Zane was getting fidgeting being stuck in his carseat so we just drove home and changed our plans. But the day has turned out well despite our morning frustrations. I’m noticing more and more these days how Zane is becoming a little person. He pays attention to what we do and imitates all of us. He “deets ” the groceries like Zoey does, he shakes his boots out before putting them on, he knows to get the vacuum when food falls on the floor, he sweeps the porch outside when there are leaves on it, and what melts my heart is when I can see he feels like a big boy and he walks all by himself towards the shed to see his daddy–but first he turns and blows a kiss to me and waves goodbye.
On the drive back home today, Zoey wanted her water bottle but it was in the door of the car where neither she nor I could reach. So I handed her my water bottle. She took a sip then said to me, “This water tastes like you.” I thought for a second then responded that I had eaten kale chips moments before. She said to me in reply, “No, it tastes like your skin.”
Zane refused to eat his dinner tonight. I made pork chops, applesauce from our apples growing in the orchard, broccolette, and leftover rice with cauliflower. While Stephen was doing dishes I was eating the rest of the applesauce out of the pot. Zane saw me and grunted that he wanted some. I went over to his plate and showed him how he had applesauce on his own dinner plate to eat. He shook his head no. So like any smart mama would do, I dumped his applesauce from his plate and put it in the pot and proceeded to feed him directly from the pot. And he ate it. And I added pork to the fork with the applesauce and he ate that, too.
We’ve decided Zoey will do my hair for my brother’s wedding next month. Here’s the updo she is working on.
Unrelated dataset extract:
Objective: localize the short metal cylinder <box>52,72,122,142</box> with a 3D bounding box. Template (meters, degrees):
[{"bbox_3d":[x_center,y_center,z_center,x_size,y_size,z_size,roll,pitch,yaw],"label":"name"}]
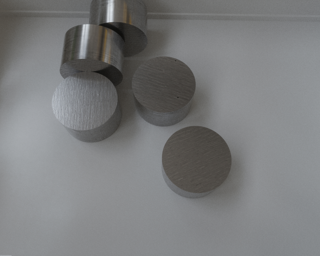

Zoey gave me the night off of cooking. She suggested we drive down the mountain to the local pizza place. Zane fell asleep on the way down, but then woke up in time to eat. Every time he ate a bite of pizza he gagged and then I remembered how when he first started eating solids he gagged on every bite. Why he started gagging again tonight, I have not a clue. Unlike when he was a baby and spit out every bite we gave him, he gagged tonight but at least kept swallowing the pizza. We used to worry when he was a baby that he would never be able to eat like a normal person. We thought he’d be an adult eating pureed food. And then one day he just started eating non pureed food and I forgot all about the gagging until tonight.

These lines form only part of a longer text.